Без проволочек снарядили тягач с опытным водителем. За тягачом пойдет отепленный фургон высокой проходимости. Ромашко сам вызвался ехать на тягаче старшим. В последнюю минуту к нему присоединился Погодаев, примчался из «индии».
Еще в начале зимы он бравировал своей закалкой, ходил, что называется, душа нараспашку. А сегодня глубоко напялил ушанку, нырнул носом в воротник полушубка — кому охота потом оттирать щеки и побелевший нос? Погодаев сядет в фургон и будет поддерживать огонь в печке; заготовлены и дрова в достатке, и ящик с колотым углем.
В тот день Чернега не прикоснулся к перламутровым кнопкам баяна. Варежка, Маркаров не задавали друг другу никаких вопросов, избегали встречаться глазами.
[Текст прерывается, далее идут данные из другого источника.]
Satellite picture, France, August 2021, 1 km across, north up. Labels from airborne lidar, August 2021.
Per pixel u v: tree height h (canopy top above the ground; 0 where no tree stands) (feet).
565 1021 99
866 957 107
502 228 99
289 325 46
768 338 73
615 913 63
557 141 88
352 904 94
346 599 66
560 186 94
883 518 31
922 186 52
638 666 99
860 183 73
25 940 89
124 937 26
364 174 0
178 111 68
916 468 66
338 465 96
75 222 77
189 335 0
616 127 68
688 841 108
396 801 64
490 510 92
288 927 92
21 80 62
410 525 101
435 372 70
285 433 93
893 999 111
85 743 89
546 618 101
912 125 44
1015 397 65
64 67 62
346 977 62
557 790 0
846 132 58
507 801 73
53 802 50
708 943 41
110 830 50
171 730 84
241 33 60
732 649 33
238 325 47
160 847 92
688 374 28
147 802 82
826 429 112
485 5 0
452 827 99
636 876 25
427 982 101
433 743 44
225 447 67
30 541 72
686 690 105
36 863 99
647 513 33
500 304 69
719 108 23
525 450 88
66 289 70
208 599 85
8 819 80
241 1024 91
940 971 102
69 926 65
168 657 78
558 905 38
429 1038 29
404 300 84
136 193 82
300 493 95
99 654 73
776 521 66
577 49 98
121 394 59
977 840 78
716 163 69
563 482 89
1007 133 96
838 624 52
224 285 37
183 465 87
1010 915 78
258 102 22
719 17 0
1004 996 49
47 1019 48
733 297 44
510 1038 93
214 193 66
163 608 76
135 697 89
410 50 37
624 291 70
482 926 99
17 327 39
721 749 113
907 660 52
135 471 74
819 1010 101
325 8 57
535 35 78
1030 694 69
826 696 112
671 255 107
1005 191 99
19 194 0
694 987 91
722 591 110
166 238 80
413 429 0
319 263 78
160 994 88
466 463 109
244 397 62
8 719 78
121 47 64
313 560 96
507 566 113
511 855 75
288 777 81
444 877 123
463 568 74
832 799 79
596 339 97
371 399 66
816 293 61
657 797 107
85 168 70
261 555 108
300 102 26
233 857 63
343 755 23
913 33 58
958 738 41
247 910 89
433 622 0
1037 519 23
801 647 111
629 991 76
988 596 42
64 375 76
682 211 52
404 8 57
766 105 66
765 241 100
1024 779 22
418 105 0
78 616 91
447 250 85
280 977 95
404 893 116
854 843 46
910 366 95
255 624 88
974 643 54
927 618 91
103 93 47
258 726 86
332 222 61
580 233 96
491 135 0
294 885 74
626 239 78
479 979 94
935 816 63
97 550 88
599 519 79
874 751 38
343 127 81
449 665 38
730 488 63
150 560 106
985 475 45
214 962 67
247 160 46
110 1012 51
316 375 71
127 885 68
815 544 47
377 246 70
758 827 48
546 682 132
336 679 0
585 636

В столовую Варежка не пошла.
Михеич принял свои лекарства, а сердце не отпускало, разволновался сверх нормы.
Пришлось в такой несусветный мороз вызывать «скорую помощь». После уколов Михеич почувствовал себя лучше.
Вспомнилась ему в эти минуты симпатичная медсестра с перстами легкими, как сон, которая выхаживала его в Приангарске, а в ушах Михеича прозвучало ее давнее нежное признание: «У меня муж хороший!» Наверно, рука ее подопытного мужа была вся в синяках, кровоподтеках...
Ну что же, случается, уроки и большей кровью оплачивают, случается, один человек принимает на себя боль или опасность, чтобы отвести их от другого.
Михеич с удовольствием вспомнил, как нарушил медицинский устав, наставляя, обучая на верхушке крана Шестакова. В тот тревожный день понял он, как привязался к молодому бригадиру.
Совсем поздно вечером, близко к полночи, у подъезда послышался шум мотора.